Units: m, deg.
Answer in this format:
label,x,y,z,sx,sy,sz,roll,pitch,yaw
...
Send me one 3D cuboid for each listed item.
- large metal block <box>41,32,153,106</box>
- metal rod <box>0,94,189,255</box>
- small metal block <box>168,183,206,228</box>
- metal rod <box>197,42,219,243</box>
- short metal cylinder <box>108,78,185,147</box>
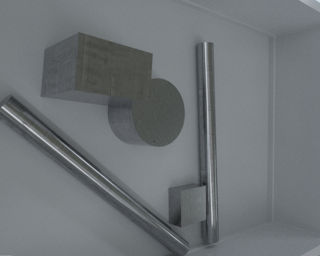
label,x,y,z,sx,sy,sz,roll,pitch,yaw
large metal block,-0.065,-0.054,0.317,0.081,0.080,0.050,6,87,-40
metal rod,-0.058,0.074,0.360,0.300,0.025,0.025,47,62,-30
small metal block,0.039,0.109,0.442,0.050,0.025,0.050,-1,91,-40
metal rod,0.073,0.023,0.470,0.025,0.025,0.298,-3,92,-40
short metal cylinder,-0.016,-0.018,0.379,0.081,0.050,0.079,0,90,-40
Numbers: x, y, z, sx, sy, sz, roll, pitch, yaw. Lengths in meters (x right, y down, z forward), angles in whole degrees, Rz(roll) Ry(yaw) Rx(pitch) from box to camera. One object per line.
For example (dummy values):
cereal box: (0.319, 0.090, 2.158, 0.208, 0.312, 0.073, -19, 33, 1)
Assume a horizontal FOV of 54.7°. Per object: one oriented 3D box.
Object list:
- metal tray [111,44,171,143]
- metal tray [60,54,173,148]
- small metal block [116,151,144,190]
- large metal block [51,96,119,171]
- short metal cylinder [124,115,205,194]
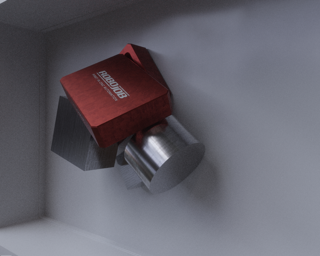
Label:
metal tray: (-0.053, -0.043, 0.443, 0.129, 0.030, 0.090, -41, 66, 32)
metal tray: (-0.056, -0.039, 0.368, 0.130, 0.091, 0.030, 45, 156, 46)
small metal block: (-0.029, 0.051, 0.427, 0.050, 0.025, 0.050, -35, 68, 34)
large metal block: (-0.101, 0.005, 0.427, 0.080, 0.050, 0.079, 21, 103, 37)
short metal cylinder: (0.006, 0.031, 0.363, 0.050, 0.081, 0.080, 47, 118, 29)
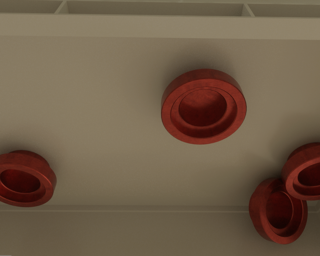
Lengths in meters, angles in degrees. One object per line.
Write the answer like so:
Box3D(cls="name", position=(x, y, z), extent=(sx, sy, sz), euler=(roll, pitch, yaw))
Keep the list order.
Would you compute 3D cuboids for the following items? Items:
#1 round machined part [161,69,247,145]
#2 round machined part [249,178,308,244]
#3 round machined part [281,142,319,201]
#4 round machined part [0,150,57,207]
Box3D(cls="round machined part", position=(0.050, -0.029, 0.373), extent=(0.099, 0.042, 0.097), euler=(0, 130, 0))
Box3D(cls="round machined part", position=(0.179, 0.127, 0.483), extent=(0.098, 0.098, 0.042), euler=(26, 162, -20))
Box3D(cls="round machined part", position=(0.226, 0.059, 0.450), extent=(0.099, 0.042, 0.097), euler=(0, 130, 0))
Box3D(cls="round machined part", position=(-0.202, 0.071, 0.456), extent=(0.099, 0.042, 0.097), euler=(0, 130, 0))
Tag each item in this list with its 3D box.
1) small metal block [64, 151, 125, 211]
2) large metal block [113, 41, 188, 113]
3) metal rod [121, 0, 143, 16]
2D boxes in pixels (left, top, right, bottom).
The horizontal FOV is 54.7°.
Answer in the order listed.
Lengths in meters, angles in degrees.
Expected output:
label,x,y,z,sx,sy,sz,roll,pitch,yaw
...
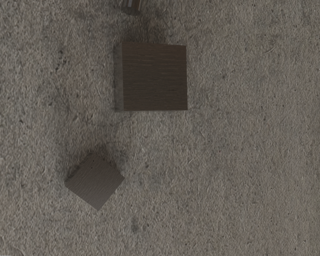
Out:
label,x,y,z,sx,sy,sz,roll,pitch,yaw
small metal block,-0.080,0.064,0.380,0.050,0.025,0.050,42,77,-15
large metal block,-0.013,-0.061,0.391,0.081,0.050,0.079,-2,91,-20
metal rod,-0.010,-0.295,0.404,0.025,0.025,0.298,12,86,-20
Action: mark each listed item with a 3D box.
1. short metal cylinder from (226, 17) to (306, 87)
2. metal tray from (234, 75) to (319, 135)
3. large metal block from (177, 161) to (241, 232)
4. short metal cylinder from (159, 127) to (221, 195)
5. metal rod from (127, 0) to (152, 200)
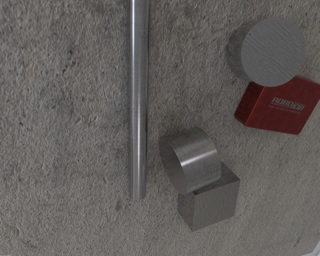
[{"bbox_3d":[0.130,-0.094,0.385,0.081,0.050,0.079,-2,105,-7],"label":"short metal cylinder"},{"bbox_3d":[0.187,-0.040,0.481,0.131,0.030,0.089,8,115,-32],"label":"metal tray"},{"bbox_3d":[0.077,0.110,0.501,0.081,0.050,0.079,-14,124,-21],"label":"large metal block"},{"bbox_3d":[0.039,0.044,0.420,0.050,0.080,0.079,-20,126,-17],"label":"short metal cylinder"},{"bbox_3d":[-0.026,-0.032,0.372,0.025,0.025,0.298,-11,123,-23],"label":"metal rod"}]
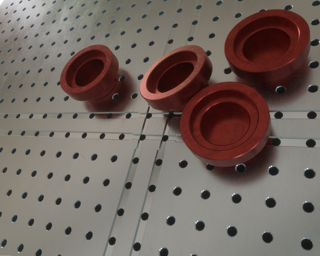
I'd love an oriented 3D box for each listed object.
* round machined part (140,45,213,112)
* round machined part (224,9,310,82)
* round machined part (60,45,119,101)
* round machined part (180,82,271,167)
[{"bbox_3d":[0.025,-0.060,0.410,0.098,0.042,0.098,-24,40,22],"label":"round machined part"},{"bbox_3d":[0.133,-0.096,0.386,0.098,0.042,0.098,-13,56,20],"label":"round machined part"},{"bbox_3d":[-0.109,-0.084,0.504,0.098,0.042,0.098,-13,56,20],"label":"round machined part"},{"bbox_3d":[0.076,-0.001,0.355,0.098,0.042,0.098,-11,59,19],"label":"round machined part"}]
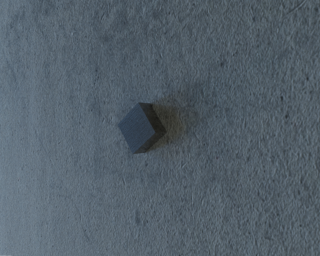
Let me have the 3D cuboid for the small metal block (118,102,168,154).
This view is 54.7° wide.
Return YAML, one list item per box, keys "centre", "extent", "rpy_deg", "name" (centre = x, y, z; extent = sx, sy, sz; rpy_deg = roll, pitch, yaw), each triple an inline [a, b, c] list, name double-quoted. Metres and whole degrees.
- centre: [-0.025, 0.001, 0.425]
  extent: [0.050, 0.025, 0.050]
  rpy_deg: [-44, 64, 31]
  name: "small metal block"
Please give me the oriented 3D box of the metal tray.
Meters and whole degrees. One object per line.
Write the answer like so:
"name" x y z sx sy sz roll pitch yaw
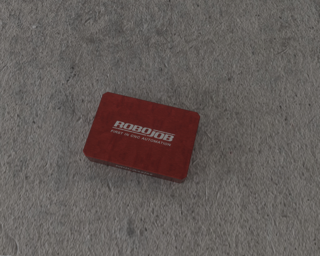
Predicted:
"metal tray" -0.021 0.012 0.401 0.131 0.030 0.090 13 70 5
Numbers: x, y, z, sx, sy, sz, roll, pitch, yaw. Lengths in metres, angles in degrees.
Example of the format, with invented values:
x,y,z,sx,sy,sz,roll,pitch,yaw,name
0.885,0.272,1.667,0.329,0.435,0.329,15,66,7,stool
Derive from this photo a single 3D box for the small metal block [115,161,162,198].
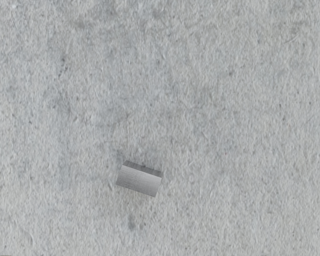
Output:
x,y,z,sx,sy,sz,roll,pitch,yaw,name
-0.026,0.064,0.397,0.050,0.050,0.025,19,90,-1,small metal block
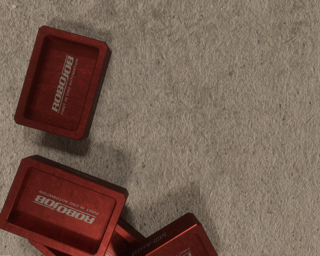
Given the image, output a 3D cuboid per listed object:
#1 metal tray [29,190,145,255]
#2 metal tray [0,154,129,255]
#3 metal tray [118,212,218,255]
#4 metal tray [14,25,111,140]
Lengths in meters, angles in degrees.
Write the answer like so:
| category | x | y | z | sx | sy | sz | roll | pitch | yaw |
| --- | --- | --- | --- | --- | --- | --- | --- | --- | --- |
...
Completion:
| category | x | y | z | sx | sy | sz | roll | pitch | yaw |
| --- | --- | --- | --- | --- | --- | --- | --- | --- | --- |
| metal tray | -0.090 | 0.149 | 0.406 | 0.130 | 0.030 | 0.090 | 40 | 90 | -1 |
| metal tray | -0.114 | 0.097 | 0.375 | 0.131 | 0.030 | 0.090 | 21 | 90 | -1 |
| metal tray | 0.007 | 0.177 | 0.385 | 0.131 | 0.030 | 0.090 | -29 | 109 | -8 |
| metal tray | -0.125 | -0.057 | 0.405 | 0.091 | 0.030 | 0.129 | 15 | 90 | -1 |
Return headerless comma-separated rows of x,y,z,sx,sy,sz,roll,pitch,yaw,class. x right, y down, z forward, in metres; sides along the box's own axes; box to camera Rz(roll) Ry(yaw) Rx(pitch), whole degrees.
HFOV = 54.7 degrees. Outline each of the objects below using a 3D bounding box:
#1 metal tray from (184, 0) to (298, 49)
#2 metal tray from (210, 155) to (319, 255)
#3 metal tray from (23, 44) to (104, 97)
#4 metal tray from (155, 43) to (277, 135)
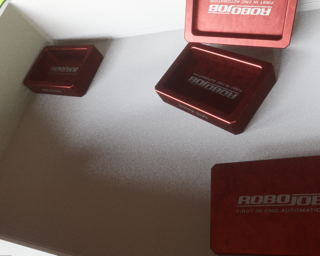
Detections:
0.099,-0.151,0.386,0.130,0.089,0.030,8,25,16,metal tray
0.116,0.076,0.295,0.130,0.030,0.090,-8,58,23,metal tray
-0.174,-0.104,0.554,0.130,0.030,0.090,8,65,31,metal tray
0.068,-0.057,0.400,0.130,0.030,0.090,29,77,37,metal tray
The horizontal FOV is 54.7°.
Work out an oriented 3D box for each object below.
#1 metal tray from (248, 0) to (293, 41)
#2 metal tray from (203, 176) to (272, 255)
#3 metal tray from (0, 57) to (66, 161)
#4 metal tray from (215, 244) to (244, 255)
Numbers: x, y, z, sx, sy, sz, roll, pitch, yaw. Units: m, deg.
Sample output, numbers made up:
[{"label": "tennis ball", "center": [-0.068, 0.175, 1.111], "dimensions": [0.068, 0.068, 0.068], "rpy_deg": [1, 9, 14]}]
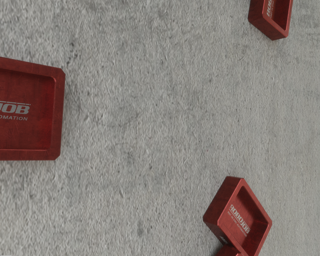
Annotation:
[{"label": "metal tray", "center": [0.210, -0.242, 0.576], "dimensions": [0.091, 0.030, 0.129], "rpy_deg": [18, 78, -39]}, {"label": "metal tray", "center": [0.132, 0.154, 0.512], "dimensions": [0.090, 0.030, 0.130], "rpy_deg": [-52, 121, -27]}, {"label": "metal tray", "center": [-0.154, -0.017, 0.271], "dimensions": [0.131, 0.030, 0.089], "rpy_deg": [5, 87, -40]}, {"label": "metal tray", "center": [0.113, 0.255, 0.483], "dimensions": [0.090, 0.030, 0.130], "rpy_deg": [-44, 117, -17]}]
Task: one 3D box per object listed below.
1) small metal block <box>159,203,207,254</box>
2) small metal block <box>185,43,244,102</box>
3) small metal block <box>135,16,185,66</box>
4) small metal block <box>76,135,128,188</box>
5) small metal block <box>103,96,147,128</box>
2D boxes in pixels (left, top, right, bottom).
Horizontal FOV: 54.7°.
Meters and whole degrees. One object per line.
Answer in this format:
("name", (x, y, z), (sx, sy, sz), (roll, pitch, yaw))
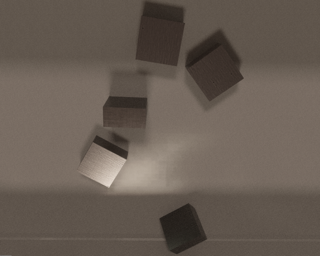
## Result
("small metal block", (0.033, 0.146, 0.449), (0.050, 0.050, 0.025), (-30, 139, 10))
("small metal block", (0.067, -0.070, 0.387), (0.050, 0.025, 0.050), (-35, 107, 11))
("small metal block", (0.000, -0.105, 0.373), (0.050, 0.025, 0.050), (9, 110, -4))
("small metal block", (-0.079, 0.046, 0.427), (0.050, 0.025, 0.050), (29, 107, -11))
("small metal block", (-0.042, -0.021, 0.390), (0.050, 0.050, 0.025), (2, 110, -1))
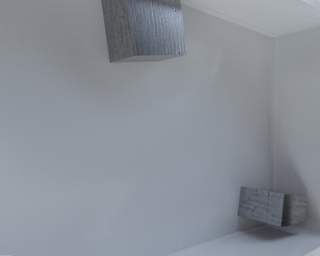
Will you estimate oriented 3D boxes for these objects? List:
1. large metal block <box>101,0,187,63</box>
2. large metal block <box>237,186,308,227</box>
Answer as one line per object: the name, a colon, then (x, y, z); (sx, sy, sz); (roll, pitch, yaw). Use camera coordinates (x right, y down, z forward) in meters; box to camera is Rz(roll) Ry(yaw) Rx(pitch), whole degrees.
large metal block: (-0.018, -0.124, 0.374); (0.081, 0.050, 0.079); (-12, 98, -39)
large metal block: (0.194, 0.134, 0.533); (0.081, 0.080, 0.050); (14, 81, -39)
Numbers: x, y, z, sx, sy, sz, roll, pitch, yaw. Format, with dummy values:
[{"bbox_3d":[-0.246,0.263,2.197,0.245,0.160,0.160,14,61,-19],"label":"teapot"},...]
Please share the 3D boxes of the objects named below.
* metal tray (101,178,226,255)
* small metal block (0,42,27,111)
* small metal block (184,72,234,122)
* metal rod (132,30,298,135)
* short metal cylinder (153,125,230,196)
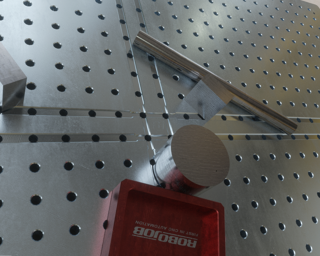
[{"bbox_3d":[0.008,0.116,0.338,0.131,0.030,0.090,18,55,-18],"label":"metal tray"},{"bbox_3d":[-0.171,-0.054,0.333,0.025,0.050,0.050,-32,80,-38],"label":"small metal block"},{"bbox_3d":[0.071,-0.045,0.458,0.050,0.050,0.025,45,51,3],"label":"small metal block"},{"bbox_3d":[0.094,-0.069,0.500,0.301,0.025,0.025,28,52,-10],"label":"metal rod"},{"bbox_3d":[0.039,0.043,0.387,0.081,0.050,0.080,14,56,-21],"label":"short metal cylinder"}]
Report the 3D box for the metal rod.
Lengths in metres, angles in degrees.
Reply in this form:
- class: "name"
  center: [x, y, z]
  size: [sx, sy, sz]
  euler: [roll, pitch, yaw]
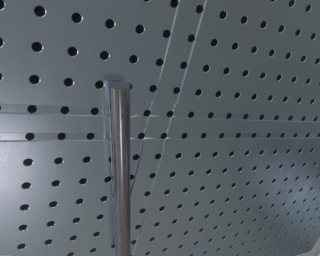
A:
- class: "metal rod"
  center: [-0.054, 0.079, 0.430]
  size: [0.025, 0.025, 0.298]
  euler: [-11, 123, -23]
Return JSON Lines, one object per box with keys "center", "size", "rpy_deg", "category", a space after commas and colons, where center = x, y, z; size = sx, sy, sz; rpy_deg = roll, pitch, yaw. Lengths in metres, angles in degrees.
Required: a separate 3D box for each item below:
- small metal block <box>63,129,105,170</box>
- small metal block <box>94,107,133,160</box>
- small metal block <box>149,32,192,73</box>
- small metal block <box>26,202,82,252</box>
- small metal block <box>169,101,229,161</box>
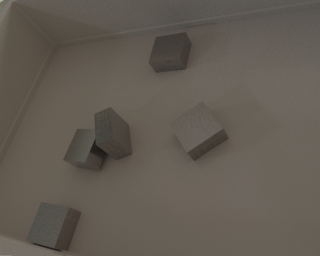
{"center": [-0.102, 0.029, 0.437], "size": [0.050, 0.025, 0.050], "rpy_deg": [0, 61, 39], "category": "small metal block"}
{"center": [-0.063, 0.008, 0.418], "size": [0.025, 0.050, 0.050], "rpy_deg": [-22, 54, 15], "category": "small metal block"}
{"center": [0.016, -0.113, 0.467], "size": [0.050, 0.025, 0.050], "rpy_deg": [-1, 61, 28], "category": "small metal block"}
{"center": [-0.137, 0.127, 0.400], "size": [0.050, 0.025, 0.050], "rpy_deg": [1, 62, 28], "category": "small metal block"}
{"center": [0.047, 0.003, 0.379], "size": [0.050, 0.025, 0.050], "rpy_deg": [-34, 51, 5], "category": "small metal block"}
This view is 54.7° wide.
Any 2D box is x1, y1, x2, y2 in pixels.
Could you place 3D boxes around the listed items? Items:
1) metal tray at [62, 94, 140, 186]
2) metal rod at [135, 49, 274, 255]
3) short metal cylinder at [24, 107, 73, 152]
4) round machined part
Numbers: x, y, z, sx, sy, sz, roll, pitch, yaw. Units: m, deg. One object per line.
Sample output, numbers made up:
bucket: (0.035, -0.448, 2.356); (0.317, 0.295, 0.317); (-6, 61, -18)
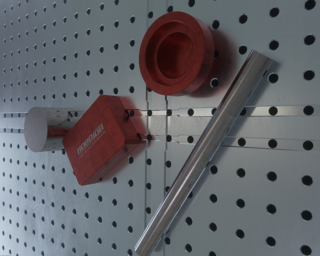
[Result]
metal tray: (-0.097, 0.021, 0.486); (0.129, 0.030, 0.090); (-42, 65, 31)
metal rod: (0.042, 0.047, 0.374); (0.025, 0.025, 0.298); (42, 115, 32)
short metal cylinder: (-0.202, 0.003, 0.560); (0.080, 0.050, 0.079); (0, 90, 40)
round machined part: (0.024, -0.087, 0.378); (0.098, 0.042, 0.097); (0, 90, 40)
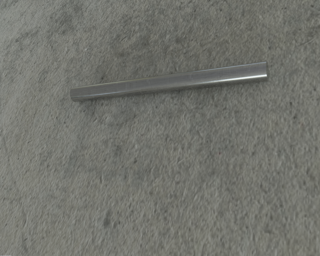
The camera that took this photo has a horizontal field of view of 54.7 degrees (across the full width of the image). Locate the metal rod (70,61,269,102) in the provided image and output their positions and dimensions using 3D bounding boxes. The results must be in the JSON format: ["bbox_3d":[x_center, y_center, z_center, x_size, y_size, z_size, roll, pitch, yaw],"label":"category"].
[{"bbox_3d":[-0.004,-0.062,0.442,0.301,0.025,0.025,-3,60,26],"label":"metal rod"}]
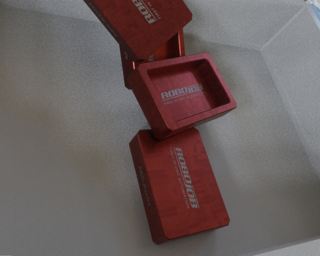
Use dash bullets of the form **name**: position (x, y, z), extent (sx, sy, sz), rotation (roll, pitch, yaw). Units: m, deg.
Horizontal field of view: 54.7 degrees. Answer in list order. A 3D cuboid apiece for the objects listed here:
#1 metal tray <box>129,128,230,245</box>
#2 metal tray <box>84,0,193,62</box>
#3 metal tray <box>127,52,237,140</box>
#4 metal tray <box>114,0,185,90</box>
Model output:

=== TASK DESCRIPTION ===
Exact repetition is the task: every line from the start of the data to the line with "#3 round machined part [281,142,319,201]", inclusive, and none after it, pictures omitted.

=== EXERCISE ANSWER ===
Units: m, deg.
Answer in this format:
label,x,y,z,sx,sy,sz,roll,pitch,yaw
...
Send me one 3D cuboid for each listed item.
- large metal block <box>41,32,153,106</box>
- metal rod <box>0,94,189,255</box>
- small metal block <box>168,183,206,228</box>
- metal rod <box>197,42,219,243</box>
- short metal cylinder <box>108,78,185,147</box>
label,x,y,z,sx,sy,sz,roll,pitch,yaw
large metal block,-0.065,-0.054,0.317,0.081,0.080,0.050,6,87,-40
metal rod,-0.058,0.074,0.360,0.300,0.025,0.025,47,62,-30
small metal block,0.039,0.109,0.442,0.050,0.025,0.050,-1,91,-40
metal rod,0.073,0.023,0.470,0.025,0.025,0.298,-3,92,-40
short metal cylinder,-0.016,-0.018,0.379,0.081,0.050,0.079,0,90,-40
Numbers: x, y, z, sx, sy, sz, roll, pitch, yaw. Lengths in meters (x right, y down, z forward), angles in whole degrees, Rz(roll) Ry(yaw) Rx(pitch) from box to camera. One object per line.
For example (dummy values):
cereal box: (0.319, 0.090, 2.158, 0.208, 0.312, 0.073, -19, 33, 1)
Assume a horizontal FOV of 54.7°. Per object: one oriented 3D box.
Object list:
- metal tray [111,44,171,143]
- metal tray [60,54,173,148]
- small metal block [116,151,144,190]
- large metal block [51,96,119,171]
- short metal cylinder [124,115,205,194]
Label:
metal tray: (-0.053, -0.043, 0.443, 0.129, 0.030, 0.090, -41, 66, 32)
metal tray: (-0.056, -0.039, 0.368, 0.130, 0.091, 0.030, 45, 156, 46)
small metal block: (-0.029, 0.051, 0.427, 0.050, 0.025, 0.050, -35, 68, 34)
large metal block: (-0.101, 0.005, 0.427, 0.080, 0.050, 0.079, 21, 103, 37)
short metal cylinder: (0.006, 0.031, 0.363, 0.050, 0.081, 0.080, 47, 118, 29)
Lengths in meters, angles in degrees. One object per line.
Write the answer like so:
Box3D(cls="name", position=(x, y, z), extent=(sx, sy, sz), euler=(roll, pitch, yaw))
Keep the list order.
Would you compute 3D cuboids for the following items? Items:
#1 round machined part [161,69,247,145]
#2 round machined part [249,178,308,244]
#3 round machined part [281,142,319,201]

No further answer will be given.